**What is the total cost?**

Total cost is a financial measure that includes the initial monetary spend and the opportunity cost of their choices, whether producing a product, purchasing an investment, or acquiring a piece of equipment.

## The total cost includes:

### Variable Cost:

The sum of all marginal costs for all units produced is known as variable costs. These are costs that change in reaction to changes in the quantity of a business’s product or service. Variable costs, such as raw materials and labour, change over time and are frequently reliant on a company’s production output.

### Fixed Cost: labour

Fixed costs stay consistent regardless of how many things the company creates. While smaller production volumes have a fixed cost, industrial economies of scale allow costs to vary and fall below that figure. Rentals are an excellent example.

The total cost is the sum of variable and fixed costs.

## Calculation of Total Cost

Total Cost = Fixed Cost + Variable Cost

## Understanding the Application (Cost-Volume-Profit Analysis)

- Companies can use the Total Costs to ascertain the viability of a proposition
- When a proposition shows viability to cover the overall cost required for the venture, it can be categorised as an efficient proposition, and business resources can be employed to pursue such an opportunity
- Total cost includes both fixed and variable expenses, so the addition business pressure can be ascertained to incremental variable cost
- Rent on the space utilised is fixed, and Raw material consumed as a variable cost is an example of total cost components
- Regardless matter how many units are manufactured or how many customers are supplied, the fixed cost will be the same
- Understanding the implication of zero production through fixed cost as recurring expenses
- Viability of business when you can cover more than variable expenses component of the total cost
- Total cost components help determine when to stop further production and indicate price falling below cost
- Total cost analysis can be employed to ascertain new business opportunities or additional units with the same efficacy.

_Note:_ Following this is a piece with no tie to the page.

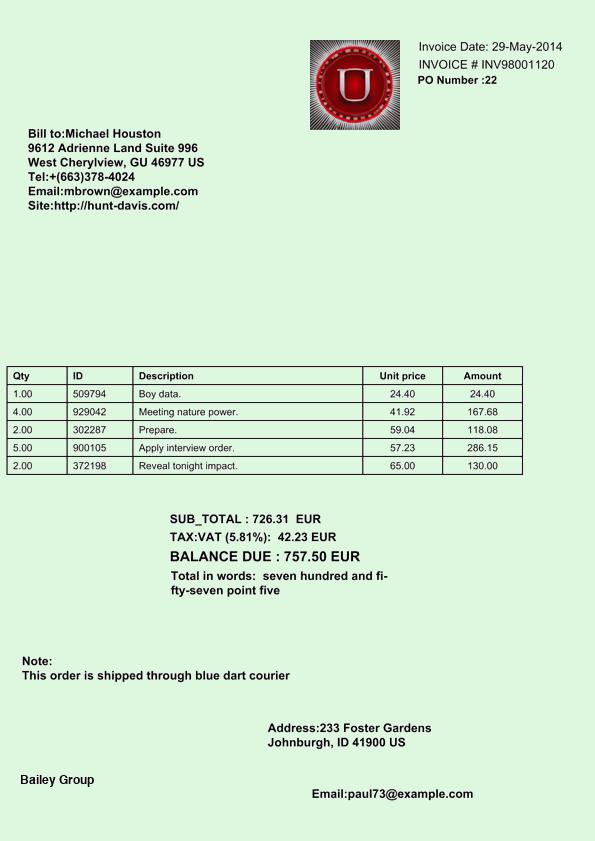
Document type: Invoice

## Important Concepts of Total Cost

### Opportunity Cost – Opportunity Lost is the opportunity cost

The worth of what you miss when choosing between multiple or more possibilities is known as opportunity cost. When you make a decision, you believe that the outcome will be better for you, irrespective of what you lose by doing so. For an investment, opportunity cost refers to the fact that your investment decisions will always result in current and future risks and returns.

Simply put, Opportunity cost is the loss you incur in exchange for a gain, or the loss of one gain in exchange for another.

Consider whether to sell your Flat now or keep it to sell on your retirement. While it is true that an investor can protect any potential returns by selling right away, they may forfeit out any future gains.

### Marginal Cost –

The marginal cost, or the addition to the overall cost resulting from the creation of an extra unit, is an important aspect of cost analysis. In theory, a company that wants to maximise profits will set its output level by increasing production until the cost of the final extra unit produced (marginal cost) approximately matches the revenue increase (marginal revenue).

## Cost Curve –

The link between production and the various cost measurements required to produce the output is depicted by a cost curve. Cost curves are graphic representations of various production costs. Firms need to know how costs fluctuate with output to make money; hence cost curves are critical to profit maximisation decisions.

Cost Curves applications include:

Average variable cost curve

Average fixed cost curve

Average Marginal Cost Curve

Average Total Cost Curve

## Total Cost of Ownership:

The total cost of ownership (TCO) is the total cost of owning a certain item over a specific period, and it includes both the purchase price and total recurring charges. Total cost of ownership is a derivation of the total cost, which is termed for cost analysis application.

While evaluating capabilities, companies frequently use the total cost of ownership, but they sometimes mistake focusing on TCO when evaluating potential expenditures. Instead, experts should consider the entire cost and the expected benefits of a decision based on complete cost-benefit analysis if a new purchase or opportunity has the potential to boost a company’s bottom line significantly.

**Conclusion**

In economic theory, total cost analysis plays a crucial role and aids various decision-making for a company. The total cost consists of fixed and variable costs, so all the studies based on these factors automatically culminate into the total cost.

In the short run, various cost curves also form an integral part of decision-making and are all derived from the study of total cost and its parts.